彷彿每一片雪花都是上天的恩賜和照拂。

三三兩兩的行人從街道上匆匆走過,呵出的氣息落在空氣中變成了嫋嫋白霧。

整個楚京城都籠罩在這遲遲來臨的第一場雪中,大有要下一個天荒地老的趨勢,呈現出某種空前的沉抑的死寂。

就是這麼這麼初雪寒風傾覆山河的一天,

走時風光無限,信誓旦旦,彷彿早已看到屬於勝利曙光的楚國軍隊,

兵敗歸來。

全軍覆滅。

只有幾個殘餘潰敗的老兵一路風霜蒼涼的護送著一國儲君,也是這一次戰役的主導人,墨燁磊回京。

十萬大軍在韓楚戰役中覆滅。

魏行烈將軍戰死。

隨行軍師衛平生揹負與韓國勾結置楚國於陰謀當中的重大嫌疑。

儲君墨燁磊不曾支援先鋒軍隊,決策失誤,導致全軍覆滅,城池被掠。

敵軍長驅直入,勢如破竹,連攻四座城池。

楚國這一仗,

打的是徹頭徹尾的失敗。

而如今,

敗兵歸來,墨燁磊不敢耽擱的去皇宮請罪。

據說當時戰報送往朝堂上時,君王龍顏大怒,怒擊攻心,當中噴出一口血來。

而如今在御書房中,劈頭蓋臉怒斥太子,甚至揚言無德無能,不配為一國儲君。

天空是陰暗的,灰濛濛的,一點也不清澈。

漫天的雪不斷的往下墜啊墜,彷彿沉墜在無底深淵當中,滿目風沙白雪,迷了人的眼。

上天彷彿都得知這一場敗仗,怒其不爭,天公不做美。

雪勢漸大,是一場空前絕後足足下了數天始終未曾停歇的暴風雪,彷彿要傾覆了這大楚山河,將原本喧囂繁榮的楚京城在寥寥數日凍結成了一座冰城,消沉的,死寂的。

朝堂上多方勢力參奏太子,數位大臣聯合上書,多次提出廢太子一事。

這一宣判,

終是下來了。

“奉天承地,皇帝詔曰。

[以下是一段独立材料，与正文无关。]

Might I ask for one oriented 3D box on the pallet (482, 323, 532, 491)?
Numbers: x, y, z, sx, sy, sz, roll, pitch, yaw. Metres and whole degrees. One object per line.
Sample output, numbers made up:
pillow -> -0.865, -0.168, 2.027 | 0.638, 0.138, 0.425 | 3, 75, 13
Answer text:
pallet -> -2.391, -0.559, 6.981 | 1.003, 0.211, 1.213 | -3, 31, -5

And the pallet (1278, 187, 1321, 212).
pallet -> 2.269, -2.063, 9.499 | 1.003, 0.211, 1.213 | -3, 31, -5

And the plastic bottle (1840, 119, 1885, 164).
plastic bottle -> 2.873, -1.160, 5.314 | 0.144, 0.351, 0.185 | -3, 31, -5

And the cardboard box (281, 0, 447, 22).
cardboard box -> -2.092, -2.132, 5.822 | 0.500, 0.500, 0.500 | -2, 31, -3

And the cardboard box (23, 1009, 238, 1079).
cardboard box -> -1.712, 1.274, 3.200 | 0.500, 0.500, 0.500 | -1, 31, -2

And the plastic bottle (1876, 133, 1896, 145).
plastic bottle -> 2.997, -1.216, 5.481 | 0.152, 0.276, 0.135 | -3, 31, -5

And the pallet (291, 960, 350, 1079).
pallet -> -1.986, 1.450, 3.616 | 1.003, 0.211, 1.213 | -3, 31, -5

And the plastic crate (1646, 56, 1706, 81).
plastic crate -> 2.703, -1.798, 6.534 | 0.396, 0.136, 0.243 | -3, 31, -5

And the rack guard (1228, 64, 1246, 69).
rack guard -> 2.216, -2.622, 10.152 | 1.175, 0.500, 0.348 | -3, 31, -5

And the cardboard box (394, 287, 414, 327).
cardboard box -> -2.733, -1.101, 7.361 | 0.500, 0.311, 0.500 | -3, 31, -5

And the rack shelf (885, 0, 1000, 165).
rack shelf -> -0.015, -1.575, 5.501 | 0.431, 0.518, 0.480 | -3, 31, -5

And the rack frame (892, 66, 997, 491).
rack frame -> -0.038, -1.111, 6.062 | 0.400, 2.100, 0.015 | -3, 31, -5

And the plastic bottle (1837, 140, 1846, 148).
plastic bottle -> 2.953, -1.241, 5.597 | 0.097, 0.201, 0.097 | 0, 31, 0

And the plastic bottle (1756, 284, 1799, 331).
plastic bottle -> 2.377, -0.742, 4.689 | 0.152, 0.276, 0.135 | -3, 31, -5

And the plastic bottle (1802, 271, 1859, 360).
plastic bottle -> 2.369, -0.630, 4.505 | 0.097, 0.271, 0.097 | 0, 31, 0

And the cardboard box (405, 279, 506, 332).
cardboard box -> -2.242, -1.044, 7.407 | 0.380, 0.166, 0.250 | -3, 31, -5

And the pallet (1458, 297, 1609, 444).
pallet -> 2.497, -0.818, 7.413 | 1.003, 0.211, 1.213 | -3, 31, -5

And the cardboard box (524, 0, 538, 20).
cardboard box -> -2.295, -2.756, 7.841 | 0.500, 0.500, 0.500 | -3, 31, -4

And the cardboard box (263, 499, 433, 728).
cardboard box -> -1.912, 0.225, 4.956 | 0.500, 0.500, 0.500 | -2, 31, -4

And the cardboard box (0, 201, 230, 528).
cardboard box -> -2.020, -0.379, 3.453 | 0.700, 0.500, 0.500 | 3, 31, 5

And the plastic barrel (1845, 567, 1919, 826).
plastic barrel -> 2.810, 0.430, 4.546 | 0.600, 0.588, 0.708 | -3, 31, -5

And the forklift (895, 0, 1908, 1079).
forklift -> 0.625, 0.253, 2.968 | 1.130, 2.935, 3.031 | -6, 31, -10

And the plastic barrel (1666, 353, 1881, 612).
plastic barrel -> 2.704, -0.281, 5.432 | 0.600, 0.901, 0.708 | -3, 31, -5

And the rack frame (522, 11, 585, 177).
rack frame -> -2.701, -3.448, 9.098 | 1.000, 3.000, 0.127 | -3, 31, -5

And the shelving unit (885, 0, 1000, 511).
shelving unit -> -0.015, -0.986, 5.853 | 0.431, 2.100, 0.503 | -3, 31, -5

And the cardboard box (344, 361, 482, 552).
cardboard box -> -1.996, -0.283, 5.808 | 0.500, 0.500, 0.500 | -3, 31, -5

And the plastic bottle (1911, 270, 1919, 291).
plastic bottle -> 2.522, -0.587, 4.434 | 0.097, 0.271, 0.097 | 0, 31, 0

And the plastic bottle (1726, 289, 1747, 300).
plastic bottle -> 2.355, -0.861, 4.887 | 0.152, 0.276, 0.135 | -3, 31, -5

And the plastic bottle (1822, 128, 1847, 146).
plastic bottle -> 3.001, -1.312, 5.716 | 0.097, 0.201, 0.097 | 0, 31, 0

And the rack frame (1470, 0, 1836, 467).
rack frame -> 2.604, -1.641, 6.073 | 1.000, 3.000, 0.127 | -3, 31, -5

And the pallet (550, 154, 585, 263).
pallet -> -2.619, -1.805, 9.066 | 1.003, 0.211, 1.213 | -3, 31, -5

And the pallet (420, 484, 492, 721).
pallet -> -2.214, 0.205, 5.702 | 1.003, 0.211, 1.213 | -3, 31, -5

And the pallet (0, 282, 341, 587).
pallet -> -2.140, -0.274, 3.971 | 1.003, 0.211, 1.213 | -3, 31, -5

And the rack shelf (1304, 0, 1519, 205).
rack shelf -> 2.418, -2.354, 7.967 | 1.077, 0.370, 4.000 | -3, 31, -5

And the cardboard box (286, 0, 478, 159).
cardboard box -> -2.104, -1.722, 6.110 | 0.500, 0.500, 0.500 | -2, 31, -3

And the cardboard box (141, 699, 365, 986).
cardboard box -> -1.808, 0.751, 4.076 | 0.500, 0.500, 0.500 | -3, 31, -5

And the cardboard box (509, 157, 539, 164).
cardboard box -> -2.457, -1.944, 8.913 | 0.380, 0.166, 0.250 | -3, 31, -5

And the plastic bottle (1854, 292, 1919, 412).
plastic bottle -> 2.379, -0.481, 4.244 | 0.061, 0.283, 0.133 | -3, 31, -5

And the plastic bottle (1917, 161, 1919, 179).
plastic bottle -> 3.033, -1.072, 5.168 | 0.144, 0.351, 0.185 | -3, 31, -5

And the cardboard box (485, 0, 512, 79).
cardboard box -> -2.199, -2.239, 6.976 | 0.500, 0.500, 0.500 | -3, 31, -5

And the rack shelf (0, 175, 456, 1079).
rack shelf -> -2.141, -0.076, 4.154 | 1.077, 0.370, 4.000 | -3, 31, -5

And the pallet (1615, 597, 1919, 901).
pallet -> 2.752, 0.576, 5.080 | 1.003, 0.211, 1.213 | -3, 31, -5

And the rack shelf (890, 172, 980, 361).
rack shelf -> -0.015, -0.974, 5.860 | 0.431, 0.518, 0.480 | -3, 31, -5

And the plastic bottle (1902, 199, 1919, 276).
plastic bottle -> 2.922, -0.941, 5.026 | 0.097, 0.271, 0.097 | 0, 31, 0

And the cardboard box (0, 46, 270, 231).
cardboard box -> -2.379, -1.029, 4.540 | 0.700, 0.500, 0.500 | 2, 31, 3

太子無德無能……從此廢除太子,欽此。”

詔書一下,

塵埃落定。

這不僅僅是一場敗仗,更是由領導者錯誤決定,見死不救,斷絕支援,眼睜睜看著本國將士赴死的罪過,更由於重大失誤,被韓國利用,多次攻成,給楚軍、國家、黎民百姓帶來了沉重打擊的歷史事件。

“這件事情……泠白小姐神機妙算,令人佩服。”墨榮軒讚歎不已,他莫名的看著那紅衣身影,頓了又頓:“只是,對楚國的代價,是不是太大了?”

當初染白跟墨榮軒說了三個字。

——廢太子。

如今,

墨燁磊真的敗了。

這一場仗,

墨離衍損失了手下,墨燁磊更是損失了太子之位。

對他的利益,甚好。

可現在,

更加緊張的風雨欲來的是韓楚戰爭。

“這樣的局面,是綜合來講對你最有利的畫面。”染白疏懶說了這麼一句,頗有些雅興的欣賞著雪景:“我只負責你的利益,韓楚之戰不在我計劃之內。”

墨榮軒沉默了一會兒,低聲:“以後還要多仰仗您為本王出謀劃策了。”

染白勾唇笑了笑,沒有說話。

從茶樓議事離開,染白回了府邸,剛剛踏進庭院,就看到了那雪中賞梅的修長身影。

雪衣驚華,風光霽月。

是芝蘭玉樹,君子端方之姿。

染白看了一眼,徑直走到了那傲然梅樹旁邊的石桌旁坐下。

“你怎麼來了。”

謝錦書眉眼含笑,轉身,坐在了少女的對面,“來恭喜你啊。”

“每一步算計皆勝,最後結果如你我所料,難道我不應該來恭喜你?”

染白瞥了他一眼,淡冷道:“不是我。”

謝錦書挑眉。

“撇開韓國戰勝,墨燁磊一事,幕後有人在推波助瀾。”染白平鋪直敘:“不然事情不可能進展的這麼順利。”

“墨離衍?”

染白:“嗯。”

她聯合了墨榮軒針對墨燁磊,墨離衍又將計就計同時利用這一次算計。

只不過墨離衍的插手對她沒有什麼利益損失,又有得利點,她並沒有涉手。

“我要回韓國了。”謝錦書忽然認真了起來,看著染白說。

他在楚國耽擱的時間已經很長了,韓國是必須回的,韓京內趁著他不在這段時間,搞出了不少小動作。

他總要回去算機些人來血濺韓京城,好好警告警告一些人。

染白嗯了一聲,平淡道:“不送了,好走。”

謝錦書:“……”

“你好歹也有點依依不捨吧,敢情這段時間白相處了?”

染白笑著踹了他一腳,白皙下頜一抬,散漫又不羈:“要走就走,別說沒用的。”

謝錦書挑眉:“你接下來還要做什麼?”

“掀起大楚內亂。”

一共六個字。

被她用那樣目空一切又風輕雲淡的口吻說了出來。

彷彿這世間一切都沒有她做不到的。

“有志氣。”謝錦書點了點頭,給染白倒了一杯酒,又給自己倒了一杯,舉起酒杯來,“那本公子提前賀你成功。”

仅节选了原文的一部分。